Tonight I found myself in a room full of people. A few I knew, many I didn't. We were celebrating Nathan's successful completion of his Ph.D. My blood was sufficiently saturated with Dr. Duncan's homebrew and as I sat down I looked around in that perfect counterintuitive balance of buzzed trance and clarity of thought. I saw Josh talking to Grant and Desiree while Britt played with an almost two year old Roy with water bottles. Others mingled, laughing and telling stories.
And then somehow Melvin Udall's question invaded my attention. What if this is as good as it gets? Such a question requires a quick assessment of things.
I'm working a lot at a job I've been at for what seems like an eternity. Things aren't bad there. My personal expectations were lowered enough in 2007 to make anything seem bearable.
Inertia, a need to feel and breathe something new, or perhaps (hopefully) God himself has led me to seminary. I'm reading great things, beginning the beginnings of new friendships, and in small ways remembering what it's like to feel vital again.
There are people I've lost. Neglect, distance, and even death itself have all, in equal measure, removed me from those who once provided a frame for my being, a reason to laugh and to think about tomorrow.
Yet there are others very near that I cling tightly to , as if my life were at stake. They know who they are. These people get me. In our absences they think about me, and I think about them. They are who I naturally move toward.
Roy was laughing, and you could tell it was hurting him as he ever so slightly assuaged the pain by bouncing to the music. U2's City of Blinding Lights was on the stereo. "The more you see the less you know/ The less you find out as you go./ I knew much more then/ Than I do now." And this is true. I know much less than I used to know.

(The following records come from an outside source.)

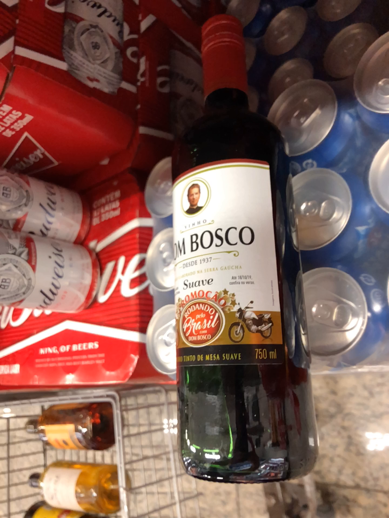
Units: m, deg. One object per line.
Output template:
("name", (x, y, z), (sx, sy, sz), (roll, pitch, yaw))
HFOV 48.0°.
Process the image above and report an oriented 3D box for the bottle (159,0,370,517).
("bottle", (0.034, -0.026, 0.268), (0.080, 0.070, 0.300), (-15, 72, 42))
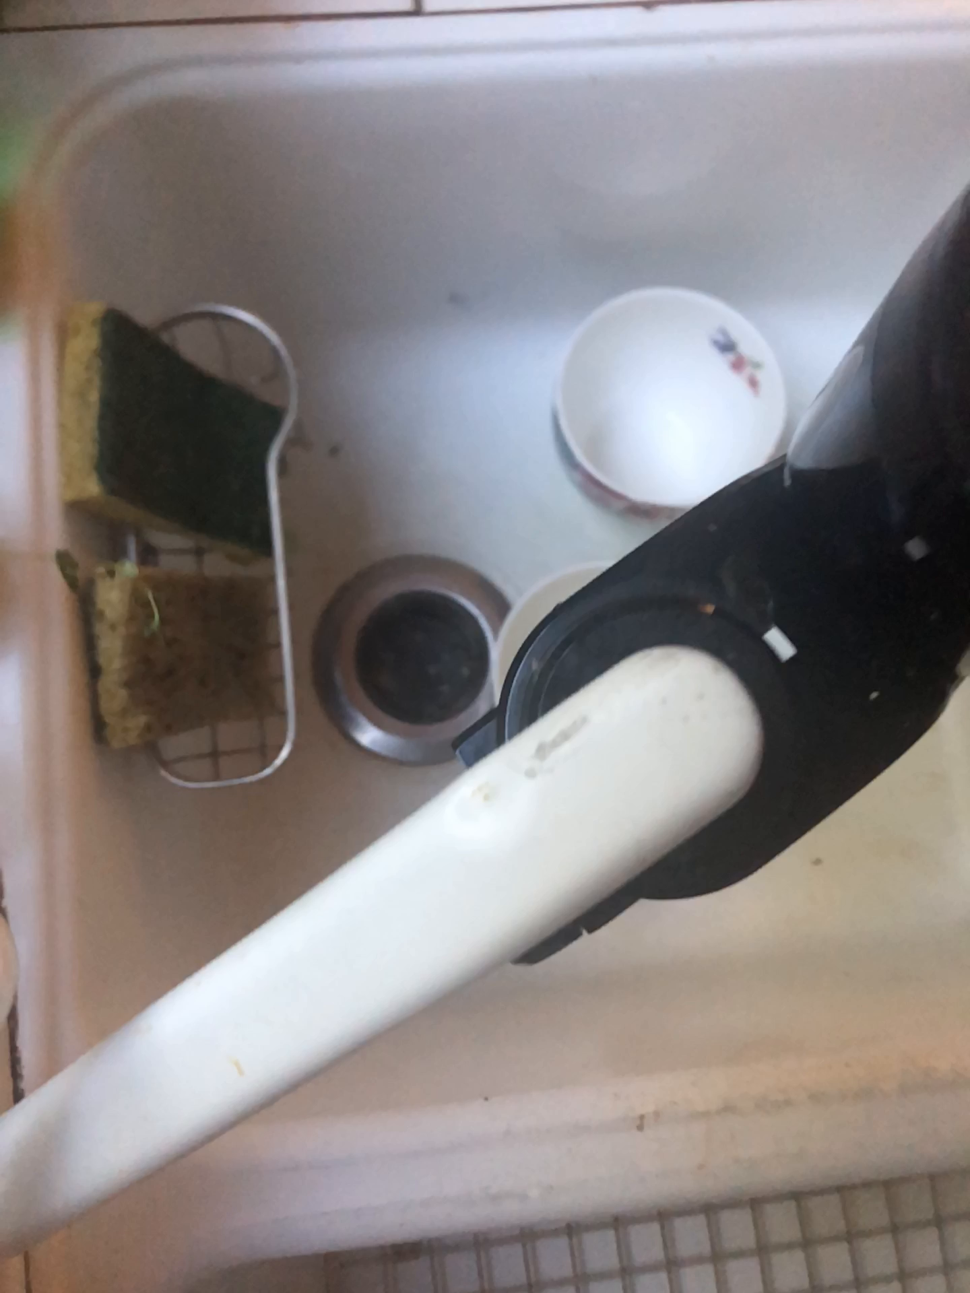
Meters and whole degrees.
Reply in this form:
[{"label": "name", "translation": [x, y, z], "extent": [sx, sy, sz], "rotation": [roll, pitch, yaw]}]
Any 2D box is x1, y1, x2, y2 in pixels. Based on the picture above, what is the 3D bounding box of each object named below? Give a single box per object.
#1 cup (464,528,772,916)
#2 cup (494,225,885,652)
[{"label": "cup", "translation": [0.055, 0.035, 0.474], "extent": [0.100, 0.070, 0.140], "rotation": [12, 79, -1]}, {"label": "cup", "translation": [0.088, -0.093, 0.503], "extent": [0.110, 0.070, 0.150], "rotation": [-24, 82, -8]}]
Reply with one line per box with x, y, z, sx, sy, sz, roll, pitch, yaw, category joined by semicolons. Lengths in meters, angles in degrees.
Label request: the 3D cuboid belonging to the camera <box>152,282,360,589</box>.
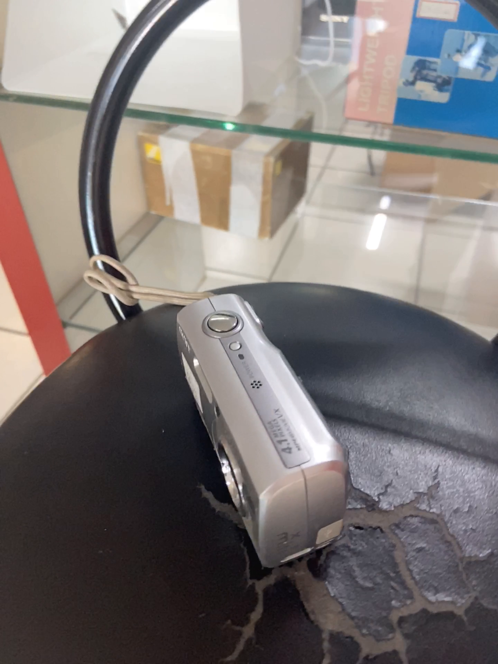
-0.003;0.033;0.201;0.040;0.050;0.100;-14;43;-16;camera
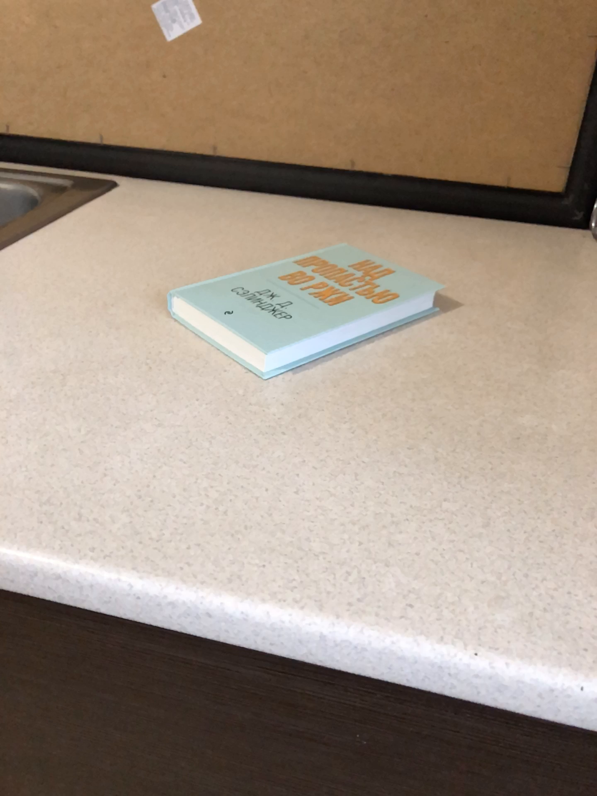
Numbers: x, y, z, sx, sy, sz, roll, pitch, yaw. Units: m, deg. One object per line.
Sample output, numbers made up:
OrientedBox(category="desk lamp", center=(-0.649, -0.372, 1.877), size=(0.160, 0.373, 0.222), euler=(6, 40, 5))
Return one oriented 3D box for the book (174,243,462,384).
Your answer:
OrientedBox(category="book", center=(0.016, -0.070, 0.478), size=(0.176, 0.020, 0.115), euler=(-23, 40, -34))
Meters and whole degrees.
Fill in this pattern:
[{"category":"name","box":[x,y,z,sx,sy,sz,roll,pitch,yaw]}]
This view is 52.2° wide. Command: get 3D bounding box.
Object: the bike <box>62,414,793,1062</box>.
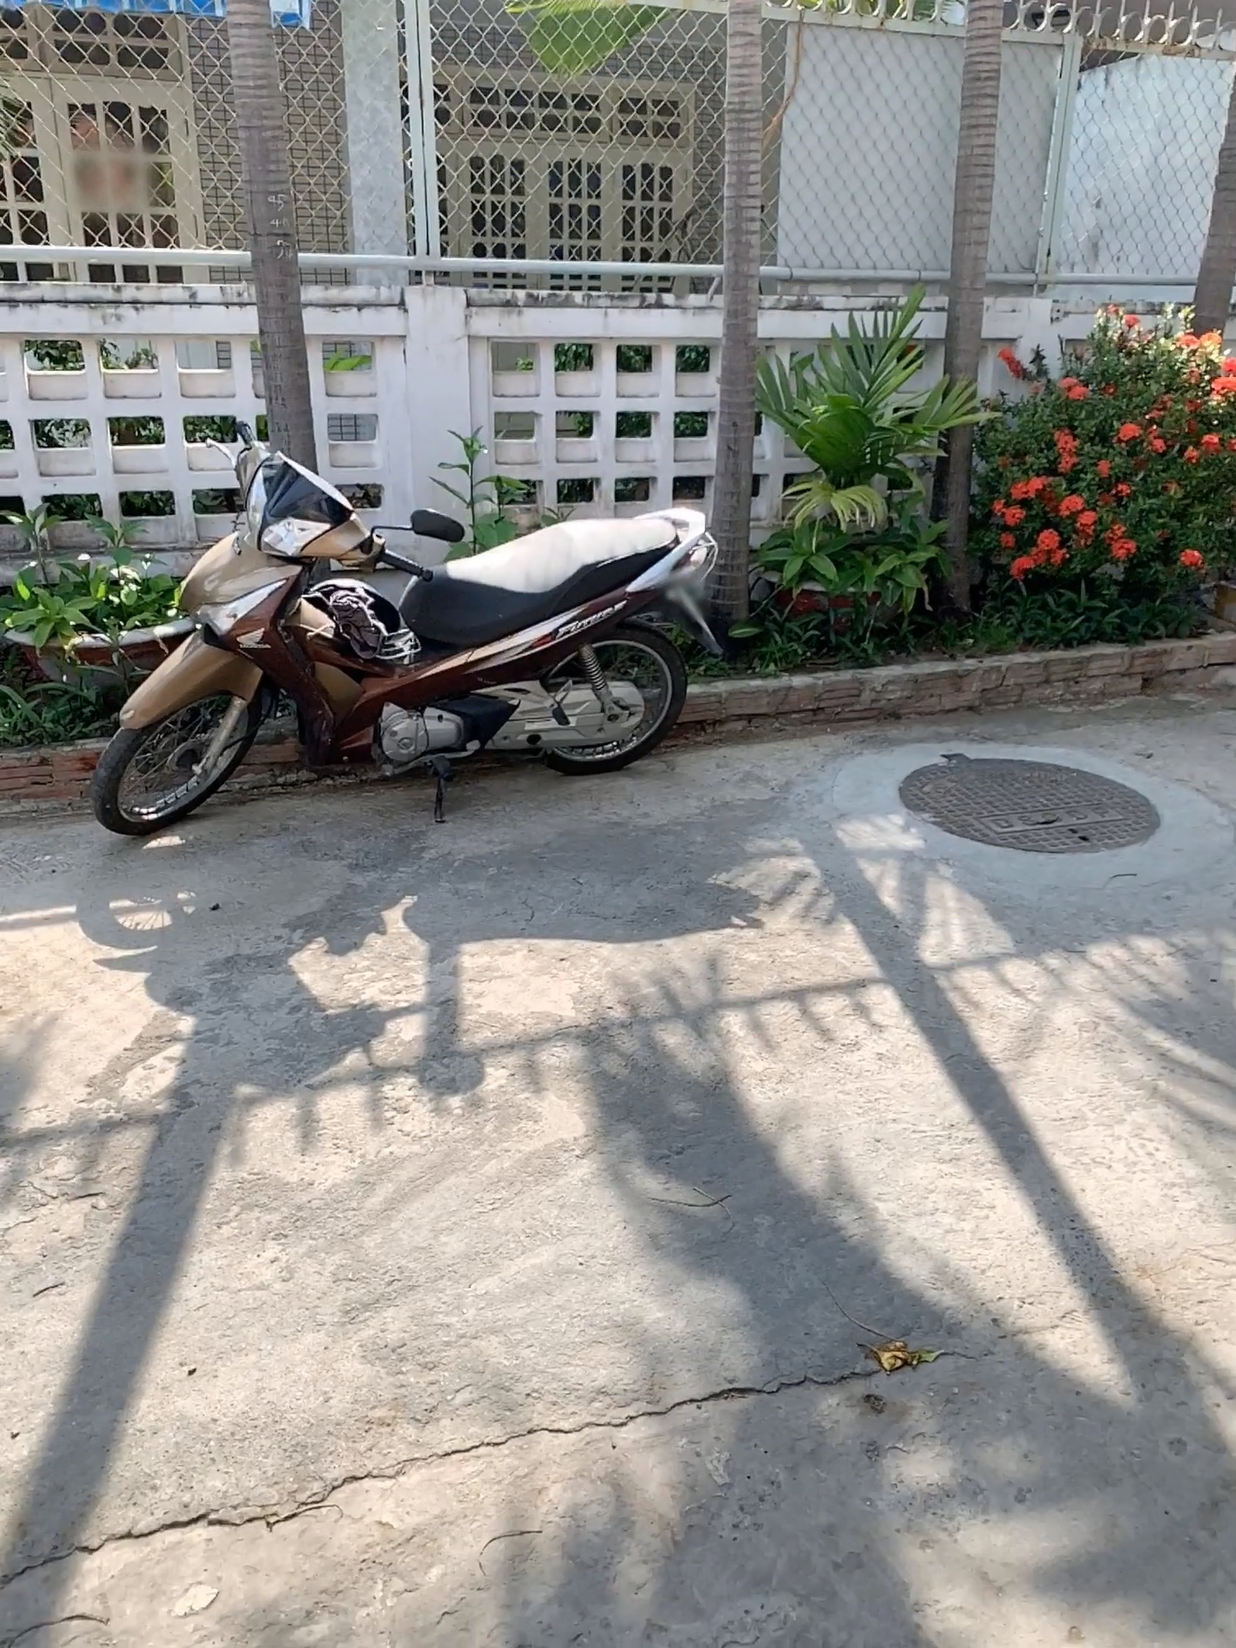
[{"category":"bike","box":[-0.456,-0.382,3.678,1.976,1.441,0.614,-13,25,-30]}]

But I know enough. I know enough to believe this isn't as good as it gets. My faith in God setting all this right, making the crooked paths straight, doesn't allow me to assume this is the best there is. But for now, it will do. The smiles and the laughs and the goodbyes and the planning for tomorrow are nothing more than the intersection of this time where good enough has to be good enough and that time, where things will be more than just good enough.